***** DATA EXTRACT

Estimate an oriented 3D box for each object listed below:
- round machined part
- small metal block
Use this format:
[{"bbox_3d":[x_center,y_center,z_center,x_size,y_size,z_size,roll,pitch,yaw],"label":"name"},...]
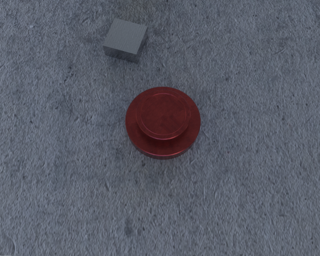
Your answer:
[{"bbox_3d":[0.004,-0.011,0.403,0.099,0.042,0.098,0,70,-1],"label":"round machined part"},{"bbox_3d":[-0.050,-0.128,0.454,0.050,0.025,0.050,16,71,5],"label":"small metal block"}]
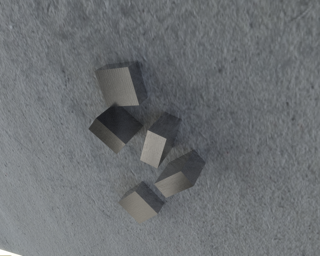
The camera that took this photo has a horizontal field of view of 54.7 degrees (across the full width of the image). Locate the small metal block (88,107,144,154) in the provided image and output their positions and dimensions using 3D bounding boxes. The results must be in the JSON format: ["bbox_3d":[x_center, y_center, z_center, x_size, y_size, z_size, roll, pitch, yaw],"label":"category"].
[{"bbox_3d":[-0.059,-0.001,0.419,0.050,0.050,0.025,42,129,-1],"label":"small metal block"}]

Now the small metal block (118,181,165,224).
[{"bbox_3d":[-0.030,0.120,0.495,0.050,0.025,0.050,46,129,-5],"label":"small metal block"}]

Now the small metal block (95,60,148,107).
[{"bbox_3d":[-0.049,-0.056,0.396,0.050,0.025,0.050,-1,118,28],"label":"small metal block"}]

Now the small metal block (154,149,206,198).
[{"bbox_3d":[0.027,0.061,0.413,0.050,0.050,0.025,-32,100,38],"label":"small metal block"}]

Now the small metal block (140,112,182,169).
[{"bbox_3d":[0.001,0.015,0.398,0.025,0.050,0.050,25,127,12],"label":"small metal block"}]
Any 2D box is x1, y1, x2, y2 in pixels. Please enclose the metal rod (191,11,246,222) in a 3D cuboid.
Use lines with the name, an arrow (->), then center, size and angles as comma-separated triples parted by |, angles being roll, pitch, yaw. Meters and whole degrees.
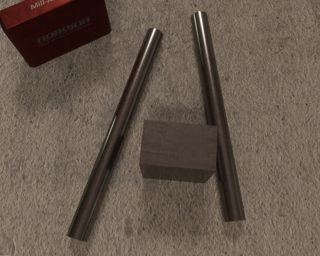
metal rod -> 0.074, -0.029, 0.419 | 0.025, 0.025, 0.299 | -5, 70, -2

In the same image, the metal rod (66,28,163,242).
metal rod -> -0.052, -0.005, 0.409 | 0.025, 0.025, 0.299 | 17, 71, 5

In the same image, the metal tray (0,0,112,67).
metal tray -> -0.137, -0.143, 0.424 | 0.131, 0.090, 0.030 | -28, 73, -10

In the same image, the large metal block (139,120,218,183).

**********

Copy out the data verbatim, excluding the pictures.

Estimate an oriented 3D box for each object listed below:
- round machined part
- small metal block
Use this format:
[{"bbox_3d":[x_center,y_center,z_center,x_size,y_size,z_size,roll,pitch,yaw],"label":"name"},...]
Your answer:
[{"bbox_3d":[0.004,-0.011,0.403,0.099,0.042,0.098,0,70,-1],"label":"round machined part"},{"bbox_3d":[-0.050,-0.128,0.454,0.050,0.025,0.050,16,71,5],"label":"small metal block"}]
The camera that took this photo has a horizontal field of view of 54.7 degrees (across the full width of the image). Locate the small metal block (88,107,144,154) in the provided image and output their positions and dimensions using 3D bounding boxes. The results must be in the JSON format: ["bbox_3d":[x_center, y_center, z_center, x_size, y_size, z_size, roll, pitch, yaw],"label":"category"].
[{"bbox_3d":[-0.059,-0.001,0.419,0.050,0.050,0.025,42,129,-1],"label":"small metal block"}]

Now the small metal block (118,181,165,224).
[{"bbox_3d":[-0.030,0.120,0.495,0.050,0.025,0.050,46,129,-5],"label":"small metal block"}]

Now the small metal block (95,60,148,107).
[{"bbox_3d":[-0.049,-0.056,0.396,0.050,0.025,0.050,-1,118,28],"label":"small metal block"}]

Now the small metal block (154,149,206,198).
[{"bbox_3d":[0.027,0.061,0.413,0.050,0.050,0.025,-32,100,38],"label":"small metal block"}]

Now the small metal block (140,112,182,169).
[{"bbox_3d":[0.001,0.015,0.398,0.025,0.050,0.050,25,127,12],"label":"small metal block"}]
Any 2D box is x1, y1, x2, y2 in pixels. Please enclose the metal rod (191,11,246,222) in a 3D cuboid.
Use lines with the name, an arrow (->), then center, size and angles as comma-separated triples parted by |, angles being roll, pitch, yaw. Meters and whole degrees.
metal rod -> 0.074, -0.029, 0.419 | 0.025, 0.025, 0.299 | -5, 70, -2

In the same image, the metal rod (66,28,163,242).
metal rod -> -0.052, -0.005, 0.409 | 0.025, 0.025, 0.299 | 17, 71, 5

In the same image, the metal tray (0,0,112,67).
metal tray -> -0.137, -0.143, 0.424 | 0.131, 0.090, 0.030 | -28, 73, -10

In the same image, the large metal block (139,120,218,183).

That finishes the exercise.